People began questioning why corporations should own all that data about the world, about us, in the first place. What right did they have? Was the ability to extract, store, and analyze the data reason enough for them to hoard and use it for whatever purposes they wished? Why should the means of data production and the data banks be owned by a small class who use those systems to dividualize, control, and commodify everybody and everything else? The answers to these questions often relied on reasserting the status quo—this is how things are done, how could it be otherwise, changing things would be perilous—but those reasons were no longer good enough.

After the bubble burst many social movements took on new energy, reinvigorated by a fresh harm caused by an old regime. There were demonstrations and direct actions, boycotts and protests, organizing and lobbying.

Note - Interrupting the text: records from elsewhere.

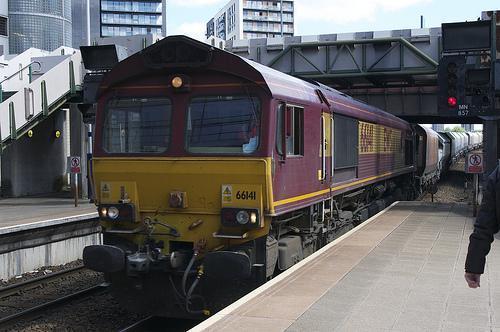How many trains?
Give a very brief answer. 1. How many airplanes are on the track?
Give a very brief answer. 0. 
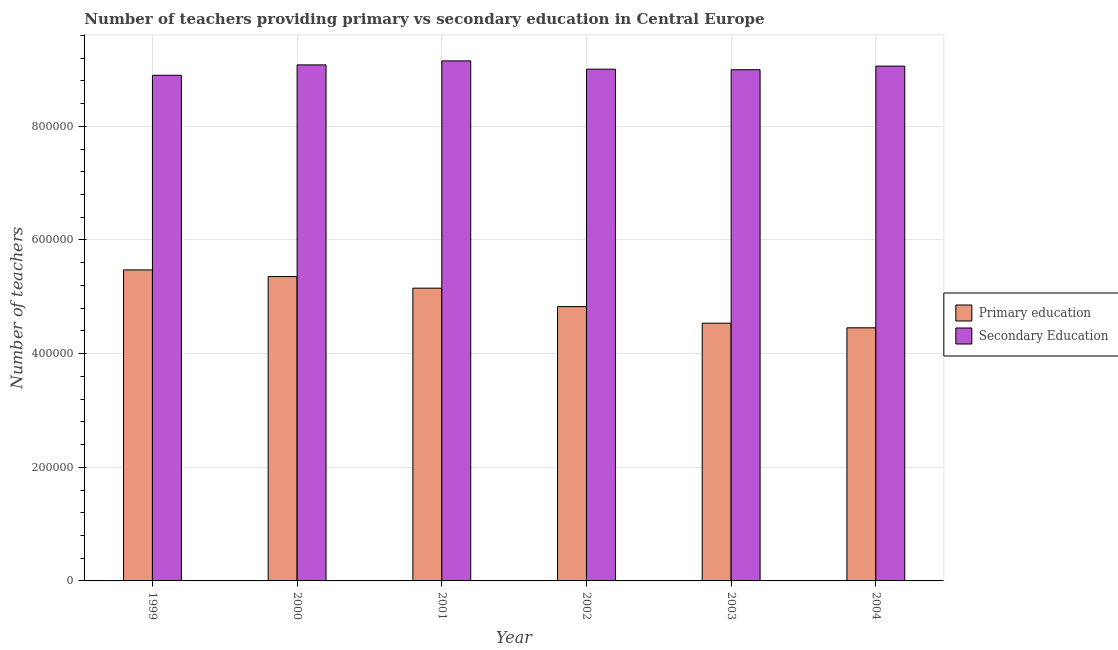How many bars are there on the 4th tick from the left?
Your answer should be compact. 2. How many bars are there on the 2nd tick from the right?
Your answer should be very brief. 2. What is the label of the 5th group of bars from the left?
Provide a succinct answer. 2003. In how many cases, is the number of bars for a given year not equal to the number of legend labels?
Offer a terse response. 0. What is the number of secondary teachers in 1999?
Make the answer very short. 8.90e+05. Across all years, what is the maximum number of primary teachers?
Provide a succinct answer. 5.47e+05. Across all years, what is the minimum number of primary teachers?
Ensure brevity in your answer.  4.45e+05. In which year was the number of primary teachers minimum?
Provide a succinct answer. 2004. What is the total number of secondary teachers in the graph?
Give a very brief answer. 5.42e+06. What is the difference between the number of primary teachers in 1999 and that in 2001?
Offer a very short reply. 3.21e+04. What is the difference between the number of primary teachers in 1999 and the number of secondary teachers in 2003?
Your answer should be compact. 9.37e+04. What is the average number of secondary teachers per year?
Give a very brief answer. 9.03e+05. In how many years, is the number of secondary teachers greater than 120000?
Provide a succinct answer. 6. What is the ratio of the number of secondary teachers in 1999 to that in 2001?
Give a very brief answer. 0.97. Is the number of primary teachers in 1999 less than that in 2003?
Your answer should be compact. No. Is the difference between the number of secondary teachers in 2000 and 2003 greater than the difference between the number of primary teachers in 2000 and 2003?
Provide a short and direct response. No. What is the difference between the highest and the second highest number of secondary teachers?
Your response must be concise. 7063.25. What is the difference between the highest and the lowest number of primary teachers?
Offer a terse response. 1.02e+05. In how many years, is the number of secondary teachers greater than the average number of secondary teachers taken over all years?
Provide a short and direct response. 3. What does the 2nd bar from the left in 2004 represents?
Your answer should be very brief. Secondary Education. What does the 1st bar from the right in 2001 represents?
Ensure brevity in your answer.  Secondary Education. What is the difference between two consecutive major ticks on the Y-axis?
Provide a succinct answer. 2.00e+05. Does the graph contain any zero values?
Offer a very short reply. No. Where does the legend appear in the graph?
Provide a succinct answer. Center right. How are the legend labels stacked?
Your answer should be very brief. Vertical. What is the title of the graph?
Offer a very short reply. Number of teachers providing primary vs secondary education in Central Europe. What is the label or title of the X-axis?
Make the answer very short. Year. What is the label or title of the Y-axis?
Provide a short and direct response. Number of teachers. What is the Number of teachers of Primary education in 1999?
Offer a terse response. 5.47e+05. What is the Number of teachers in Secondary Education in 1999?
Keep it short and to the point. 8.90e+05. What is the Number of teachers of Primary education in 2000?
Provide a succinct answer. 5.36e+05. What is the Number of teachers in Secondary Education in 2000?
Give a very brief answer. 9.08e+05. What is the Number of teachers of Primary education in 2001?
Keep it short and to the point. 5.15e+05. What is the Number of teachers in Secondary Education in 2001?
Give a very brief answer. 9.15e+05. What is the Number of teachers in Primary education in 2002?
Ensure brevity in your answer.  4.83e+05. What is the Number of teachers of Secondary Education in 2002?
Provide a succinct answer. 9.01e+05. What is the Number of teachers of Primary education in 2003?
Provide a succinct answer. 4.54e+05. What is the Number of teachers of Secondary Education in 2003?
Your answer should be compact. 9.00e+05. What is the Number of teachers of Primary education in 2004?
Your response must be concise. 4.45e+05. What is the Number of teachers in Secondary Education in 2004?
Keep it short and to the point. 9.06e+05. Across all years, what is the maximum Number of teachers in Primary education?
Provide a succinct answer. 5.47e+05. Across all years, what is the maximum Number of teachers in Secondary Education?
Your answer should be compact. 9.15e+05. Across all years, what is the minimum Number of teachers of Primary education?
Keep it short and to the point. 4.45e+05. Across all years, what is the minimum Number of teachers of Secondary Education?
Offer a very short reply. 8.90e+05. What is the total Number of teachers of Primary education in the graph?
Make the answer very short. 2.98e+06. What is the total Number of teachers of Secondary Education in the graph?
Make the answer very short. 5.42e+06. What is the difference between the Number of teachers in Primary education in 1999 and that in 2000?
Make the answer very short. 1.17e+04. What is the difference between the Number of teachers in Secondary Education in 1999 and that in 2000?
Provide a short and direct response. -1.83e+04. What is the difference between the Number of teachers of Primary education in 1999 and that in 2001?
Your response must be concise. 3.21e+04. What is the difference between the Number of teachers of Secondary Education in 1999 and that in 2001?
Offer a terse response. -2.53e+04. What is the difference between the Number of teachers in Primary education in 1999 and that in 2002?
Make the answer very short. 6.46e+04. What is the difference between the Number of teachers in Secondary Education in 1999 and that in 2002?
Offer a terse response. -1.07e+04. What is the difference between the Number of teachers of Primary education in 1999 and that in 2003?
Your answer should be very brief. 9.37e+04. What is the difference between the Number of teachers of Secondary Education in 1999 and that in 2003?
Give a very brief answer. -9751.56. What is the difference between the Number of teachers in Primary education in 1999 and that in 2004?
Your answer should be compact. 1.02e+05. What is the difference between the Number of teachers in Secondary Education in 1999 and that in 2004?
Offer a terse response. -1.61e+04. What is the difference between the Number of teachers in Primary education in 2000 and that in 2001?
Ensure brevity in your answer.  2.04e+04. What is the difference between the Number of teachers of Secondary Education in 2000 and that in 2001?
Offer a very short reply. -7063.25. What is the difference between the Number of teachers in Primary education in 2000 and that in 2002?
Your response must be concise. 5.29e+04. What is the difference between the Number of teachers in Secondary Education in 2000 and that in 2002?
Keep it short and to the point. 7528. What is the difference between the Number of teachers in Primary education in 2000 and that in 2003?
Your response must be concise. 8.21e+04. What is the difference between the Number of teachers of Secondary Education in 2000 and that in 2003?
Your response must be concise. 8521.56. What is the difference between the Number of teachers in Primary education in 2000 and that in 2004?
Ensure brevity in your answer.  9.02e+04. What is the difference between the Number of teachers in Secondary Education in 2000 and that in 2004?
Ensure brevity in your answer.  2147.69. What is the difference between the Number of teachers of Primary education in 2001 and that in 2002?
Make the answer very short. 3.25e+04. What is the difference between the Number of teachers in Secondary Education in 2001 and that in 2002?
Your answer should be compact. 1.46e+04. What is the difference between the Number of teachers in Primary education in 2001 and that in 2003?
Keep it short and to the point. 6.16e+04. What is the difference between the Number of teachers of Secondary Education in 2001 and that in 2003?
Provide a short and direct response. 1.56e+04. What is the difference between the Number of teachers in Primary education in 2001 and that in 2004?
Provide a short and direct response. 6.97e+04. What is the difference between the Number of teachers in Secondary Education in 2001 and that in 2004?
Give a very brief answer. 9210.94. What is the difference between the Number of teachers in Primary education in 2002 and that in 2003?
Offer a terse response. 2.92e+04. What is the difference between the Number of teachers in Secondary Education in 2002 and that in 2003?
Your answer should be very brief. 993.56. What is the difference between the Number of teachers in Primary education in 2002 and that in 2004?
Your answer should be very brief. 3.73e+04. What is the difference between the Number of teachers in Secondary Education in 2002 and that in 2004?
Your response must be concise. -5380.31. What is the difference between the Number of teachers of Primary education in 2003 and that in 2004?
Offer a terse response. 8121.78. What is the difference between the Number of teachers in Secondary Education in 2003 and that in 2004?
Provide a succinct answer. -6373.88. What is the difference between the Number of teachers in Primary education in 1999 and the Number of teachers in Secondary Education in 2000?
Keep it short and to the point. -3.61e+05. What is the difference between the Number of teachers in Primary education in 1999 and the Number of teachers in Secondary Education in 2001?
Provide a short and direct response. -3.68e+05. What is the difference between the Number of teachers of Primary education in 1999 and the Number of teachers of Secondary Education in 2002?
Ensure brevity in your answer.  -3.53e+05. What is the difference between the Number of teachers in Primary education in 1999 and the Number of teachers in Secondary Education in 2003?
Offer a terse response. -3.52e+05. What is the difference between the Number of teachers of Primary education in 1999 and the Number of teachers of Secondary Education in 2004?
Ensure brevity in your answer.  -3.59e+05. What is the difference between the Number of teachers in Primary education in 2000 and the Number of teachers in Secondary Education in 2001?
Your answer should be compact. -3.80e+05. What is the difference between the Number of teachers in Primary education in 2000 and the Number of teachers in Secondary Education in 2002?
Your response must be concise. -3.65e+05. What is the difference between the Number of teachers in Primary education in 2000 and the Number of teachers in Secondary Education in 2003?
Make the answer very short. -3.64e+05. What is the difference between the Number of teachers in Primary education in 2000 and the Number of teachers in Secondary Education in 2004?
Offer a very short reply. -3.70e+05. What is the difference between the Number of teachers of Primary education in 2001 and the Number of teachers of Secondary Education in 2002?
Offer a very short reply. -3.85e+05. What is the difference between the Number of teachers of Primary education in 2001 and the Number of teachers of Secondary Education in 2003?
Make the answer very short. -3.84e+05. What is the difference between the Number of teachers of Primary education in 2001 and the Number of teachers of Secondary Education in 2004?
Provide a short and direct response. -3.91e+05. What is the difference between the Number of teachers in Primary education in 2002 and the Number of teachers in Secondary Education in 2003?
Provide a short and direct response. -4.17e+05. What is the difference between the Number of teachers of Primary education in 2002 and the Number of teachers of Secondary Education in 2004?
Your answer should be very brief. -4.23e+05. What is the difference between the Number of teachers of Primary education in 2003 and the Number of teachers of Secondary Education in 2004?
Offer a terse response. -4.52e+05. What is the average Number of teachers in Primary education per year?
Your answer should be compact. 4.97e+05. What is the average Number of teachers in Secondary Education per year?
Your answer should be very brief. 9.03e+05. In the year 1999, what is the difference between the Number of teachers in Primary education and Number of teachers in Secondary Education?
Make the answer very short. -3.43e+05. In the year 2000, what is the difference between the Number of teachers of Primary education and Number of teachers of Secondary Education?
Keep it short and to the point. -3.73e+05. In the year 2001, what is the difference between the Number of teachers of Primary education and Number of teachers of Secondary Education?
Give a very brief answer. -4.00e+05. In the year 2002, what is the difference between the Number of teachers of Primary education and Number of teachers of Secondary Education?
Ensure brevity in your answer.  -4.18e+05. In the year 2003, what is the difference between the Number of teachers of Primary education and Number of teachers of Secondary Education?
Your response must be concise. -4.46e+05. In the year 2004, what is the difference between the Number of teachers in Primary education and Number of teachers in Secondary Education?
Your answer should be very brief. -4.61e+05. What is the ratio of the Number of teachers in Primary education in 1999 to that in 2000?
Your response must be concise. 1.02. What is the ratio of the Number of teachers in Secondary Education in 1999 to that in 2000?
Make the answer very short. 0.98. What is the ratio of the Number of teachers in Primary education in 1999 to that in 2001?
Provide a short and direct response. 1.06. What is the ratio of the Number of teachers of Secondary Education in 1999 to that in 2001?
Provide a succinct answer. 0.97. What is the ratio of the Number of teachers in Primary education in 1999 to that in 2002?
Make the answer very short. 1.13. What is the ratio of the Number of teachers in Secondary Education in 1999 to that in 2002?
Your response must be concise. 0.99. What is the ratio of the Number of teachers of Primary education in 1999 to that in 2003?
Your answer should be compact. 1.21. What is the ratio of the Number of teachers in Primary education in 1999 to that in 2004?
Offer a terse response. 1.23. What is the ratio of the Number of teachers in Secondary Education in 1999 to that in 2004?
Offer a very short reply. 0.98. What is the ratio of the Number of teachers in Primary education in 2000 to that in 2001?
Your answer should be very brief. 1.04. What is the ratio of the Number of teachers of Secondary Education in 2000 to that in 2001?
Provide a short and direct response. 0.99. What is the ratio of the Number of teachers of Primary education in 2000 to that in 2002?
Keep it short and to the point. 1.11. What is the ratio of the Number of teachers in Secondary Education in 2000 to that in 2002?
Provide a succinct answer. 1.01. What is the ratio of the Number of teachers in Primary education in 2000 to that in 2003?
Provide a short and direct response. 1.18. What is the ratio of the Number of teachers of Secondary Education in 2000 to that in 2003?
Offer a very short reply. 1.01. What is the ratio of the Number of teachers in Primary education in 2000 to that in 2004?
Make the answer very short. 1.2. What is the ratio of the Number of teachers of Secondary Education in 2000 to that in 2004?
Your answer should be compact. 1. What is the ratio of the Number of teachers of Primary education in 2001 to that in 2002?
Offer a very short reply. 1.07. What is the ratio of the Number of teachers in Secondary Education in 2001 to that in 2002?
Give a very brief answer. 1.02. What is the ratio of the Number of teachers in Primary education in 2001 to that in 2003?
Your answer should be very brief. 1.14. What is the ratio of the Number of teachers in Secondary Education in 2001 to that in 2003?
Your answer should be compact. 1.02. What is the ratio of the Number of teachers of Primary education in 2001 to that in 2004?
Your answer should be compact. 1.16. What is the ratio of the Number of teachers of Secondary Education in 2001 to that in 2004?
Your answer should be compact. 1.01. What is the ratio of the Number of teachers of Primary education in 2002 to that in 2003?
Make the answer very short. 1.06. What is the ratio of the Number of teachers in Secondary Education in 2002 to that in 2003?
Offer a terse response. 1. What is the ratio of the Number of teachers in Primary education in 2002 to that in 2004?
Your response must be concise. 1.08. What is the ratio of the Number of teachers of Secondary Education in 2002 to that in 2004?
Offer a very short reply. 0.99. What is the ratio of the Number of teachers in Primary education in 2003 to that in 2004?
Your answer should be very brief. 1.02. What is the ratio of the Number of teachers of Secondary Education in 2003 to that in 2004?
Keep it short and to the point. 0.99. What is the difference between the highest and the second highest Number of teachers of Primary education?
Provide a succinct answer. 1.17e+04. What is the difference between the highest and the second highest Number of teachers of Secondary Education?
Your response must be concise. 7063.25. What is the difference between the highest and the lowest Number of teachers in Primary education?
Your answer should be very brief. 1.02e+05. What is the difference between the highest and the lowest Number of teachers of Secondary Education?
Your answer should be compact. 2.53e+04.

Politicians could hardly ignore the vox populi: The groundswell of demand for sanctions and for a new paradigm that would benefit society, not subject it to the impulses of dataveillance capitalism. The crux of the movement came when political pressure finally translated into legal action. These new rules focused on one of the root issues: the economic status of data.

Data is no longer treated as a kind of private capital, which companies can accumulate and profit from simply by owning, selling, and/or renting the data. Instead, data is designated as personal property and as public good. People are free to gather and use data about themselves for their own personal purposes, such as the kind created by wearable trackers or home devices. But when it came to the large data banks—which aggregate and analyze big data sets about society, governance, and infrastructure—a new institution had to be created to manage them: the People’s Data Repository.

The PDR administers the collection, access, and use of data-as-a-public-good. Rather than, for instance, a company like Uber—monopolistic, extractive, politically ruthless—gathering all that data about mobility for their own benefit, the data is used to enhance and expand public transportation. With the data, analytics, and applications provided by the PDR, nothing precludes publically owned, non-profit agencies from building services that take full advantage of information technology. It is now no longer acceptable to allow private entities to claim ownership over what ought to be common goods and public services. Additionally, the PDR does more than provide support to public agencies. It also assists companies that are organized with social ownership in mind, like employee cooperatives and citizen equity firms. Such companies are given the resources to produce and are encouraged to innovate. They are rewarded for providing goods and services that contribute to society; if they work towards the public benefit, the amount of data they can access from PDR far outstrips what they would likely have collected on their own under the old system. By setting terms on access to the data needed to operate technological systems, the idea is to begin weakening the techno-capitalist imperatives that incentivize exploitative and extractive structures.

In terms of institutional structure, the PDR is similar to the Federal Reserve, in that it oversees data policy, regulates data services, and is independent within the government. However, unlike the technocratic structure of the Fed, the PDR incorporates regular democratic, participatory processes into its decision-making. This constant feedback, accountability, and oversight helps ensure the PDR supports programs that people need and desire—rather than ones driven by profit and privilege. The PDR’s founding principles are simple: If data comes from the people, then it should belong to the people and be used for public goods.


1: See, for instance, a recent white paper released by MIT Technology Review Custom and Oracle (2016) called, “The Rise of Data Capital.”